Am 05.11.2015 um 05:44 schrieb Brad Anderson:

On Wed, 04 Nov 2015 08:07:18 GMT, Sönke Ludwig wrote:

The REST interface generator is generally designed to enforce the RESTful aspects of the interface as far as possible. Since REST requests are supposed to be state-less, sessions are not directly supported.

However, you could (ab)use the @before attribute to get the desired effect:

[snip]

One problem I hit trying this was that serveRestJSClient requires an interface (without the session argument) and the implementation of the interface doesn't match the signature because of the additional argument from @before. Not sure if there is a way around this.

A trick that is usually possible is to make the session argument have a
default value (= Session.init) and put it in the interface like that.
The catch is that default and Nullable parameters are not properly
handled by the JS client, yet. I'll open a ticket for that.

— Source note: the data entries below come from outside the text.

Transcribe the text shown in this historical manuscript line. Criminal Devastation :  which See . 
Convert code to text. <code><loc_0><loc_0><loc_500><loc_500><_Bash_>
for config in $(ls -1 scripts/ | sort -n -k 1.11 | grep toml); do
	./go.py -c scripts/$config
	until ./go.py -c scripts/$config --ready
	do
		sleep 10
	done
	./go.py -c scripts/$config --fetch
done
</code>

However, thanks to JavaScript's handling of undefined values, it
actually does work for the special case of POST requests + default
parameters.

But this sounds like we should put some effort into fully supporting JSON based routes in the web interface generator. Return values of type Json are already supported, but not much more than that.

That would be nice.

Also nice would be some sort of authentication scheme for the REST stuff. I'm new to REST and nobody seems to agree on how this should be done but tokens seem to be popular. OAuth, too, of course.

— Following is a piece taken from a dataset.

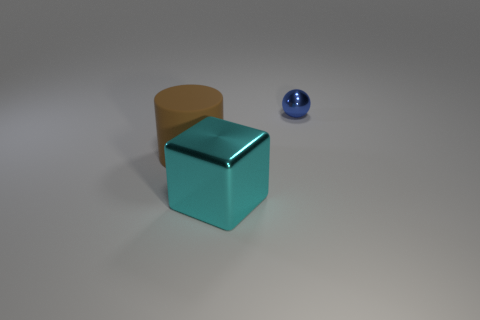Subtract all cyan spheres. Subtract all red cubes. How many spheres are left? 1 Add 2 yellow shiny cubes. How many objects exist? 5 Subtract all cylinders. How many objects are left? 2 Subtract all green metallic blocks. Subtract all large brown rubber objects. How many objects are left? 2 Add 1 blue metallic things. How many blue metallic things are left? 2 Add 1 yellow metallic things. How many yellow metallic things exist? 1 Subtract 0 yellow cubes. How many objects are left? 3

Definitely. It needs some thought how to make it as generic as possible
without losing the semantic information that is necessary for applying
it to the various targets (e.g. the JS client).

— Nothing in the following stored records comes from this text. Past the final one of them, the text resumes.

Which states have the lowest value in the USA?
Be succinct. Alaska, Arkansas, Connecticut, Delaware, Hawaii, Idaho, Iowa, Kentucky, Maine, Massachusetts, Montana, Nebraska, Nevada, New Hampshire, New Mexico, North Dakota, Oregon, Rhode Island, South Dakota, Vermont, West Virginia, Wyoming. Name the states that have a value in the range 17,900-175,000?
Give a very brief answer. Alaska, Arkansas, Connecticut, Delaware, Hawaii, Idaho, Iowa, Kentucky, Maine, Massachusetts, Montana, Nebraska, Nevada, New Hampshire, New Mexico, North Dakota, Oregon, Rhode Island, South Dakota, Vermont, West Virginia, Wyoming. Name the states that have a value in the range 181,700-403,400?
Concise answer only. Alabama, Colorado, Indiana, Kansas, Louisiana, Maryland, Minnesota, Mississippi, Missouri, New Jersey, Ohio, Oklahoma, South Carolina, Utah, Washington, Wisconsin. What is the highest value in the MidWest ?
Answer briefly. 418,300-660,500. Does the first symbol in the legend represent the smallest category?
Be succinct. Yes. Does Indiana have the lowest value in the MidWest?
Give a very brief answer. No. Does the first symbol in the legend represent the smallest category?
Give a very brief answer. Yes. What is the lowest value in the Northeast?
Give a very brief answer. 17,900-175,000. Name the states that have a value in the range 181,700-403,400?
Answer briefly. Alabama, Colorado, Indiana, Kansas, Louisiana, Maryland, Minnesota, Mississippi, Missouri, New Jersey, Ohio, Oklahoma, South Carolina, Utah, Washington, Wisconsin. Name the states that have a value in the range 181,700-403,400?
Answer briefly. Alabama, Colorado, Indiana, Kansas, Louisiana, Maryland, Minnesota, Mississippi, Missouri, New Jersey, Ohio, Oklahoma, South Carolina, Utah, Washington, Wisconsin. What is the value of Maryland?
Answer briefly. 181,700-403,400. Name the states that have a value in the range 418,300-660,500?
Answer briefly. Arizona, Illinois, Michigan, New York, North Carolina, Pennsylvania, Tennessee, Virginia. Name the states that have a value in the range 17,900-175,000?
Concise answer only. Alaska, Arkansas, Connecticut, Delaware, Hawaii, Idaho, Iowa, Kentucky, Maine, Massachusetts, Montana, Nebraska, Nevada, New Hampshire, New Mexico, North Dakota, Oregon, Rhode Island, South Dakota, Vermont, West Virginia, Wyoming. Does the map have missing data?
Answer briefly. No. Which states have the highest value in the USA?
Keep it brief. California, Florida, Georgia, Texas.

For now I think I'll move back to the Web interface to get around these issues.

Someone in the IRC channel mentioned userman. The Readme says "A major revision of the source code is currently underway. More instructions will be added in that process." Does that mean it's not ready for any sort of use yet? I don't mind breaking changes as my use case is extremely simple.

If it's just for storing user information in a database and handling
simple password authentication, the latest "stable" version should be
fine (it's also used by some other projects, such as vibenews). The
version that is in the works adds things like a user/group management
web frontend and a RESTful internal API to be able to share the same
user management server between multiple services. It has some limited
API breakage, but the DB upgrade is supposed to happen smoothly.